STMicroelectronics T810 Triac

onsemi MOC3063

Through Hole Resistor, 360 ohm

TTP223

0.1uF 0603 Capacitor

Tantalum Polymer Capacitor, 100 µF

500ma Fuse 1206

Software apps and online services

IFTTT Amazon Alexa service

Arm MDK-Essential Edition

Arduino IDE

Blynk

Hand tools and fabrication machines

Hot Air Station, Industrial

Soldering iron (generic)

Story

What was the need:

I live with my grandparents due to their age they couldn't see or hear properly and sometimes they are forgetful. Everytime they get up in the middle of the night they couldn't find the light switch and this was a problem since they could trip and fall on something they couldn't see.

I wanted a solution which can be easily customized and will fit in my existing wall switch fitting with no rewiring. So, I prototyped a backlit touch panel switch which worked on wifi. I was able to quickly intergate it with Amazon alexa with IFTTT and made a mobile app with Blynk.
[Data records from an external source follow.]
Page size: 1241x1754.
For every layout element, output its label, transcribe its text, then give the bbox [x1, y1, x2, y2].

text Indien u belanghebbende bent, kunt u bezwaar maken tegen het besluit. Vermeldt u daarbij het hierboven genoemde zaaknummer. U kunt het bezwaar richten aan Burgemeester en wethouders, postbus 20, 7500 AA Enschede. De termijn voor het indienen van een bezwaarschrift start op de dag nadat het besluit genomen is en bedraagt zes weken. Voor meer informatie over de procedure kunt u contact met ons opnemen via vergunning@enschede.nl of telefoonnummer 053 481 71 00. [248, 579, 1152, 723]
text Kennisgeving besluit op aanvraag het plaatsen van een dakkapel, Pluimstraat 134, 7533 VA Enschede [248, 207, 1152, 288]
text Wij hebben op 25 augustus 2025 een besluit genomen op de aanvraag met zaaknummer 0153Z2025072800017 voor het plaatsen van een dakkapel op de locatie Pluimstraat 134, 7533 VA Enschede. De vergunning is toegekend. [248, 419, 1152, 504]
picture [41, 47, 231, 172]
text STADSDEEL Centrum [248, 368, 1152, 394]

My grandparents loved using the switch for a variety of reasons

When we were going on trip they usually worry if they had any home appliances ON. Now they just see in the mobile app and turn off everying.
They usually worry about our place getting robbed. Now even when they are hundreds of kilometers away they can turn the lights on in the evening and this simulates a presence in the home.
My grandparents use the mobile app when they are getting up in the middle of the night to turn on and off the lights from their bed and when they couldn't find the phone, the backlight in the switch guided them towards the switch.
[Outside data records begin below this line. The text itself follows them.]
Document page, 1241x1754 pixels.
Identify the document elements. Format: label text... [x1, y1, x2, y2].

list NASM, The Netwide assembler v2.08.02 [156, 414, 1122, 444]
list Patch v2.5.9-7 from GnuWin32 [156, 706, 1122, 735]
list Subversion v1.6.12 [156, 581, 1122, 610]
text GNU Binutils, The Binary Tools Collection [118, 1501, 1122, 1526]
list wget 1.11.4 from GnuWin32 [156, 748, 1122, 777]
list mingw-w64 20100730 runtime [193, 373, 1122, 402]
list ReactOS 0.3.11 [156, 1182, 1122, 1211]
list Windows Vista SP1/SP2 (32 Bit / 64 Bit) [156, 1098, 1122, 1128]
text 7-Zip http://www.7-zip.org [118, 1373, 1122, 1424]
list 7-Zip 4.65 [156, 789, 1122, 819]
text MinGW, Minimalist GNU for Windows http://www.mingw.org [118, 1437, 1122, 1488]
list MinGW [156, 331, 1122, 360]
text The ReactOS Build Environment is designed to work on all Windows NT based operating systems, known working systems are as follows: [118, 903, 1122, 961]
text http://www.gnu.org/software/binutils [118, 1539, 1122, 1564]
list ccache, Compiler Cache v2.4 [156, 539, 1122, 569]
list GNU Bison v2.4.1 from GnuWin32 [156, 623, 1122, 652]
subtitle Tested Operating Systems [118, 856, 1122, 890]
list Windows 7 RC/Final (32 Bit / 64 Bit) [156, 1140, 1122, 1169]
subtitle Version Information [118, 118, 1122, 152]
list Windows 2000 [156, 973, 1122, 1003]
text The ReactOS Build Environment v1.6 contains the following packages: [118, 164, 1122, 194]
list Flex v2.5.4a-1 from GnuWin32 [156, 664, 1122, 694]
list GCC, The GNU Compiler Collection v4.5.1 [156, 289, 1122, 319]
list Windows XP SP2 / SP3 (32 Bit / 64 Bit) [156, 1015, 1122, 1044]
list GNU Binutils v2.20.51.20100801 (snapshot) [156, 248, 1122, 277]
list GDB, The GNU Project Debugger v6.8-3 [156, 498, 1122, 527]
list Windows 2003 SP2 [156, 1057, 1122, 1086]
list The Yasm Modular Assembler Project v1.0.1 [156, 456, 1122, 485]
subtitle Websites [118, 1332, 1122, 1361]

Seeing them use the product which I developed gave me a sense of acheivement. So, i started my own startup "Hatch Prototype".
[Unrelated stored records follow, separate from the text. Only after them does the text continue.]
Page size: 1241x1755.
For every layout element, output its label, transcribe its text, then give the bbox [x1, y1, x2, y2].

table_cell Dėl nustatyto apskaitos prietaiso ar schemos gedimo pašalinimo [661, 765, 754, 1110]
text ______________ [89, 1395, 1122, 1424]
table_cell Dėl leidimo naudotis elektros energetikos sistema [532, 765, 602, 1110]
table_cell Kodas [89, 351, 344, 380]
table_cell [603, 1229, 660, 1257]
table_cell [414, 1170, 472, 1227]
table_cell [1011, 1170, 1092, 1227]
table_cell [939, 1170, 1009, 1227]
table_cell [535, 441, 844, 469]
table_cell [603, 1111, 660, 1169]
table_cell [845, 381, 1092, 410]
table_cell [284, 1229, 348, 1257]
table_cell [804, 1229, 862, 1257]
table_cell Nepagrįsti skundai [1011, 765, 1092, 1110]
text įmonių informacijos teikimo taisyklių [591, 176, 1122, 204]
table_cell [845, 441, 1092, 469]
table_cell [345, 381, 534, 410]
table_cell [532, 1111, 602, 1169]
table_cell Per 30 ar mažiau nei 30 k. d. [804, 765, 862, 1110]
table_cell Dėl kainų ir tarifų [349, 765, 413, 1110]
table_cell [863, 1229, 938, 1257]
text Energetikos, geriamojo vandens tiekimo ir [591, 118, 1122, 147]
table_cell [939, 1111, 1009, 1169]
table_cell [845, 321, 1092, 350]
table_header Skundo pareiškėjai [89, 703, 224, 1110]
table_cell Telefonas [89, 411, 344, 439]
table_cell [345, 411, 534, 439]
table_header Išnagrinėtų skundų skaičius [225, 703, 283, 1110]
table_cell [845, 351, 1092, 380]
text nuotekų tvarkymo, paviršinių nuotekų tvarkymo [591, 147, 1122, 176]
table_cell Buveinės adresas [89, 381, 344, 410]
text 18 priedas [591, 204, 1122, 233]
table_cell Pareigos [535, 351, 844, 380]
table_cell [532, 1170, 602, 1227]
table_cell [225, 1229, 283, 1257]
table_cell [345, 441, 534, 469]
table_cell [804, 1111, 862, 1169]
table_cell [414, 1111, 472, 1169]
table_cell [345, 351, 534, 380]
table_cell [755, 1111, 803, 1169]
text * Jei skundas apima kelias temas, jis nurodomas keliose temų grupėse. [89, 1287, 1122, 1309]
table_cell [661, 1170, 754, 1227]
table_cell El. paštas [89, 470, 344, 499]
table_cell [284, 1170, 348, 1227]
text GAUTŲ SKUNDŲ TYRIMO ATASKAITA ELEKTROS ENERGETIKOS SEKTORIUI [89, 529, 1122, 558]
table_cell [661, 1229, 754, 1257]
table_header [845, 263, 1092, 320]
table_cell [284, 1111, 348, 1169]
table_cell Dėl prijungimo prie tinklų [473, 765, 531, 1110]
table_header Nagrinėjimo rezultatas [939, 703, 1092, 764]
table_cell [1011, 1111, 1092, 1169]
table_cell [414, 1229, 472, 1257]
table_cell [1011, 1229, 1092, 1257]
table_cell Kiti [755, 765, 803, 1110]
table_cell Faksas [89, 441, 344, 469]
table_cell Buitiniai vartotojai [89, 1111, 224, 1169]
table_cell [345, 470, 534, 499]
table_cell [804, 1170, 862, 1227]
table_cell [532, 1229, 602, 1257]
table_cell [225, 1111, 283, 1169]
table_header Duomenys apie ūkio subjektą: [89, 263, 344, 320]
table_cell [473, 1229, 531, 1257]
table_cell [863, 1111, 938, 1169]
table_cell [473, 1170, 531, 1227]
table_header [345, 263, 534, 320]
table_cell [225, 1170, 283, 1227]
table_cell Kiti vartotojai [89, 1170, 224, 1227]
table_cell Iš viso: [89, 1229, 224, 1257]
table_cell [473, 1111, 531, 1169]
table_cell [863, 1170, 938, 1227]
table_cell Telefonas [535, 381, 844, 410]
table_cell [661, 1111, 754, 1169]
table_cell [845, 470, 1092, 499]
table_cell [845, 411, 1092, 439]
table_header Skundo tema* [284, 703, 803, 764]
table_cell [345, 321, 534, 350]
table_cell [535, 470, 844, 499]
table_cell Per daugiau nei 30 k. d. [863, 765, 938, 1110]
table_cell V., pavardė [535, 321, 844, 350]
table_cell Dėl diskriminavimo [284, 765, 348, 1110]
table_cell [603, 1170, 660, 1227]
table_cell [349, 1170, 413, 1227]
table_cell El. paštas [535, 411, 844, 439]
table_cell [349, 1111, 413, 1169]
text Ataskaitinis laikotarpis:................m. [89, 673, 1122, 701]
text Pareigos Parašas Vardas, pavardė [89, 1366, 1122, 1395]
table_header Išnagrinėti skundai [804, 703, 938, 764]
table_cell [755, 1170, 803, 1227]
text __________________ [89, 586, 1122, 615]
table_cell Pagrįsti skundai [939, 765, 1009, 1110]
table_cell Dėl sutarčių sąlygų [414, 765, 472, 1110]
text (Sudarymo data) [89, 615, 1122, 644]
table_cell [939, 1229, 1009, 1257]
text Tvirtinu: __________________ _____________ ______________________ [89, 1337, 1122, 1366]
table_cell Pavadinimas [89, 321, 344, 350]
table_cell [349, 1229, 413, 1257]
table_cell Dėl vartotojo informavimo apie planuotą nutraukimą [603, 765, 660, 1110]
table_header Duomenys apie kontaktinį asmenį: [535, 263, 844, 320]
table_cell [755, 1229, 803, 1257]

Here's a link to the product on tindie store

https://www.tindie.com/products/Oriana/capacitive-touch-panel-switches-arduino-compatible/

How it Works:

I used STM32F103C8T6 Microcontroller which Controlls the Backlight LED and the TRIACs. The STM32 Microcontroller communicates with the ESP8266 VIA UART. The ESP8266 Send Commands to the STM32 to turn on and off the switch.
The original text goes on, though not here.